■ **Source data**
----------------------------------------

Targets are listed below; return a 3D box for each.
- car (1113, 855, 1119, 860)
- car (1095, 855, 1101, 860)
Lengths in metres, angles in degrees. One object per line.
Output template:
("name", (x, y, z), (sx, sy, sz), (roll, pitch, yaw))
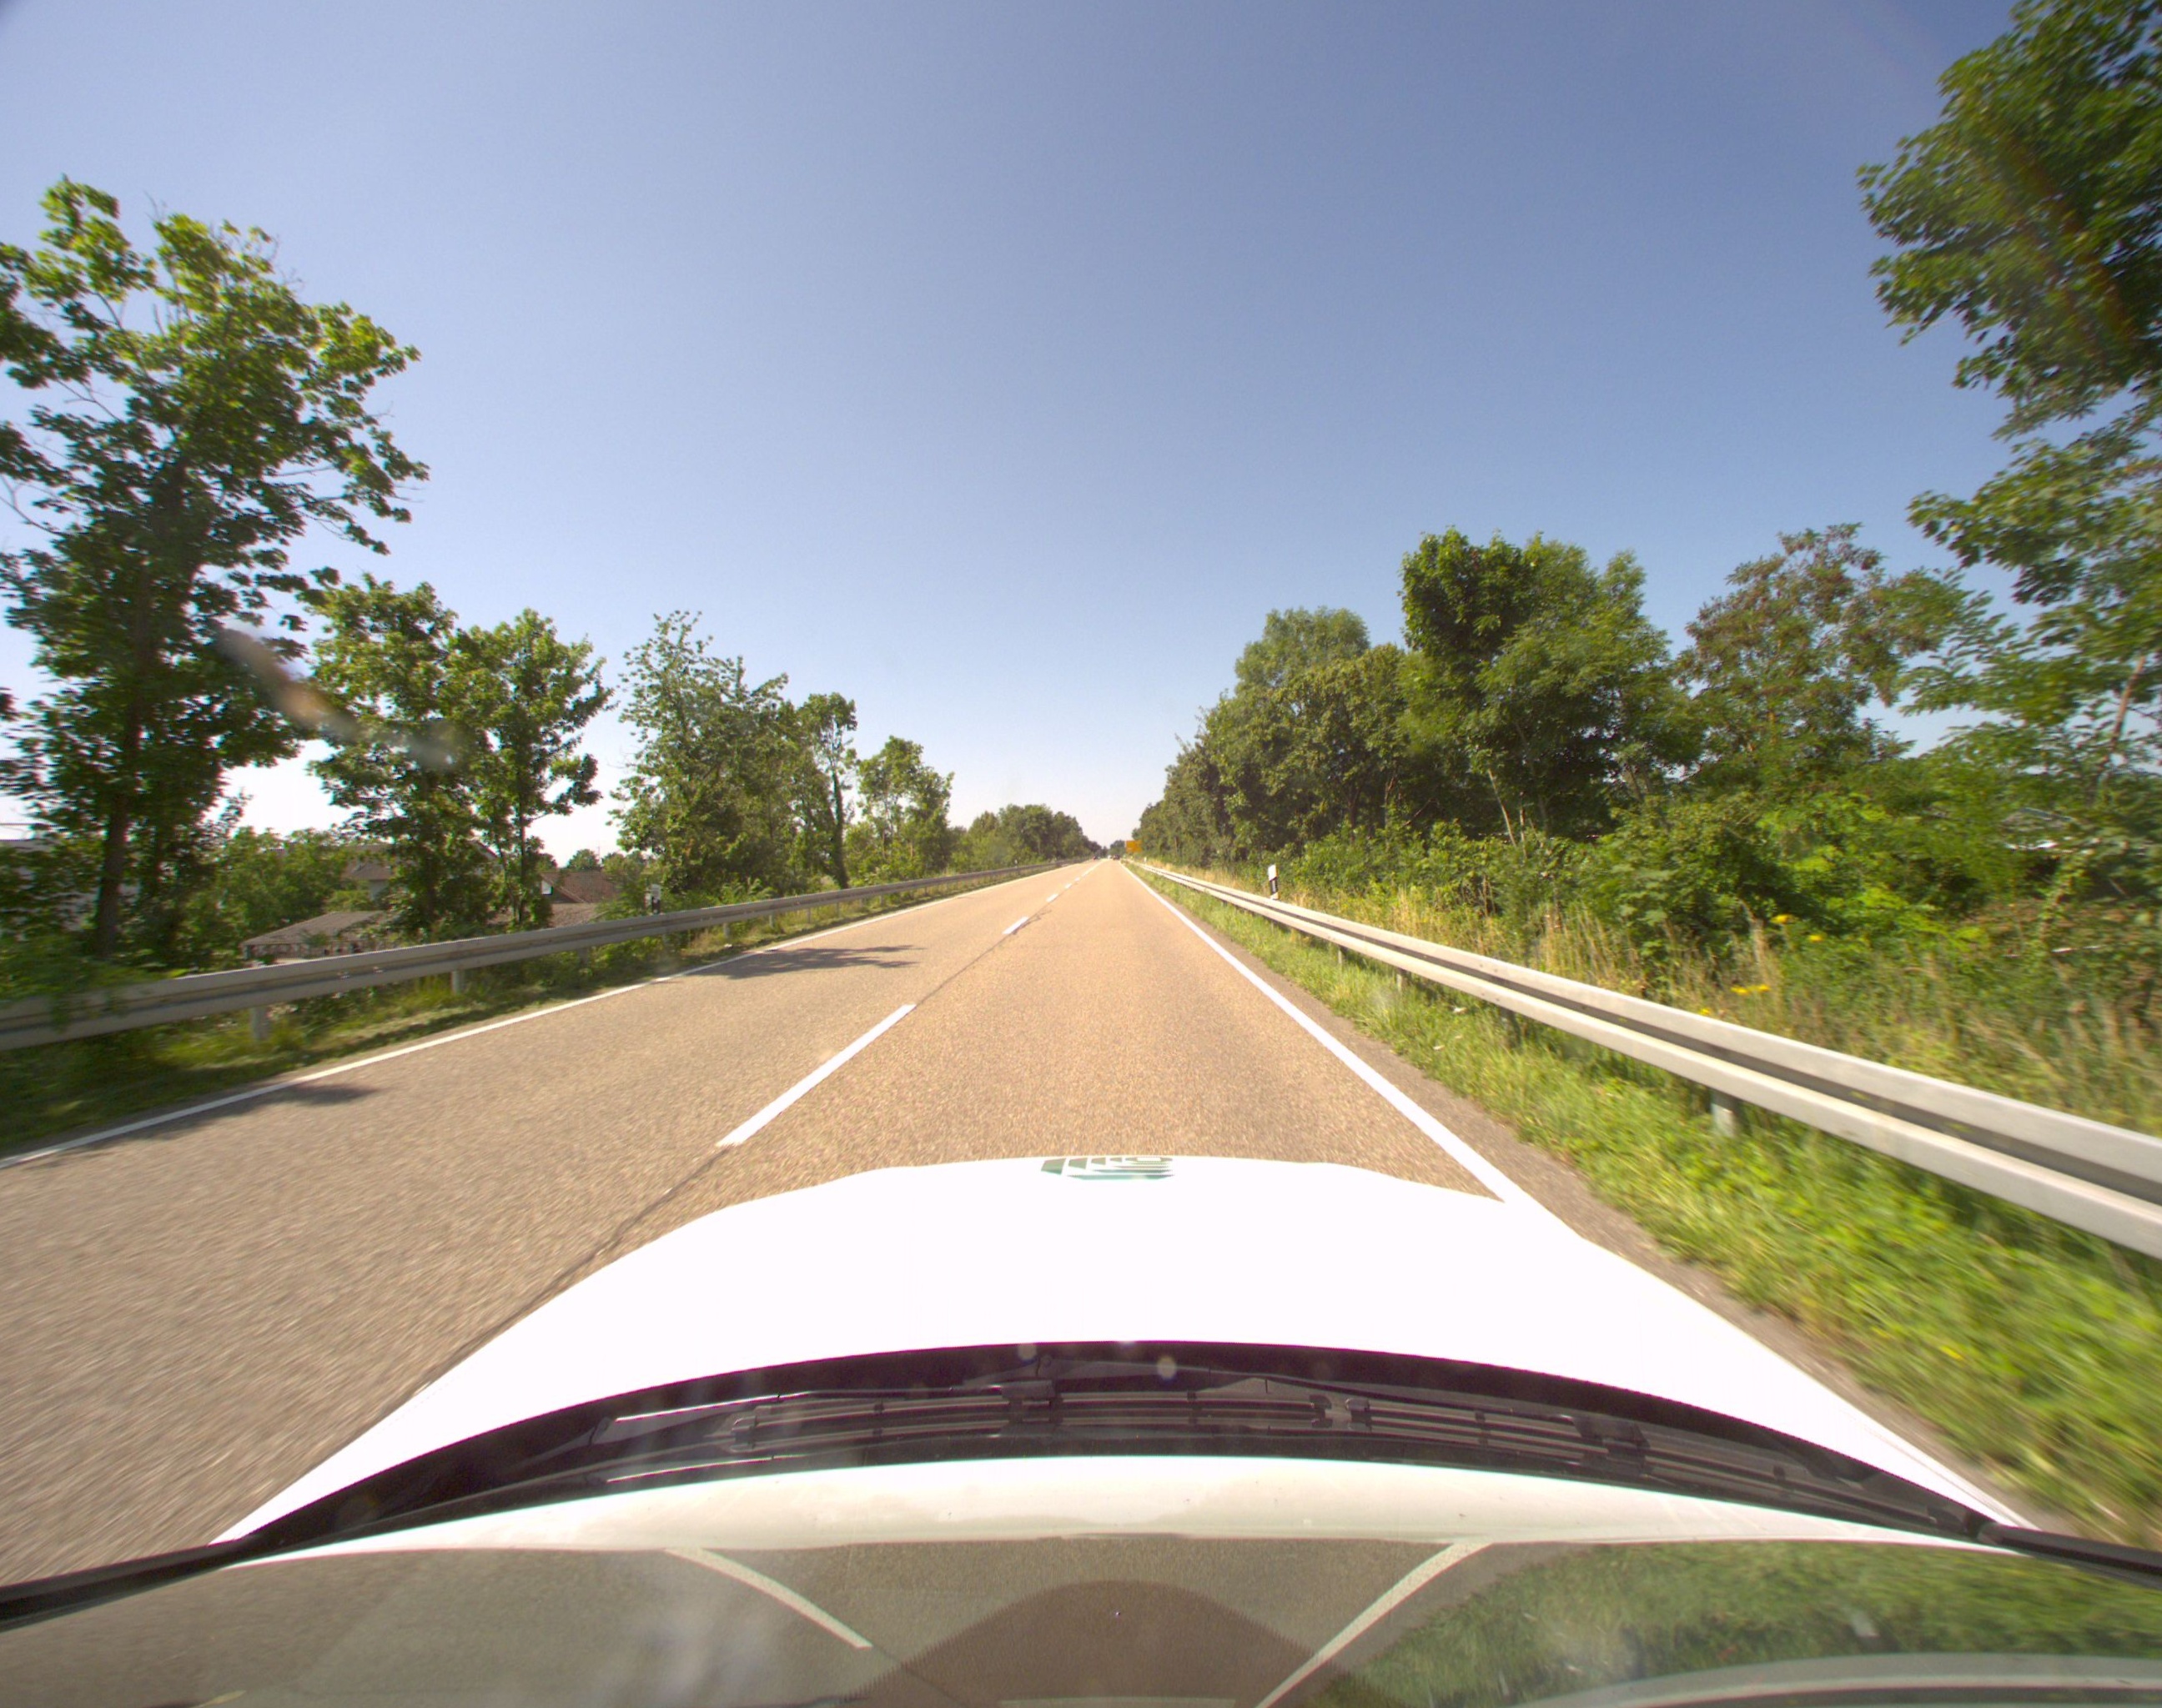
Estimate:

----------------------------------------

■ **Assigned task**
The data must be reproduced exactly, and no picture may appear in the copy.

■ **Solution to this problem**
Targets are listed below; return a 3D box for each.
- car (1113, 855, 1119, 860)
- car (1095, 855, 1101, 860)
Lengths in metres, angles in degrees. One object per line.
Output template:
("name", (x, y, z), (sx, sy, sz), (roll, pitch, yaw))
Estimate:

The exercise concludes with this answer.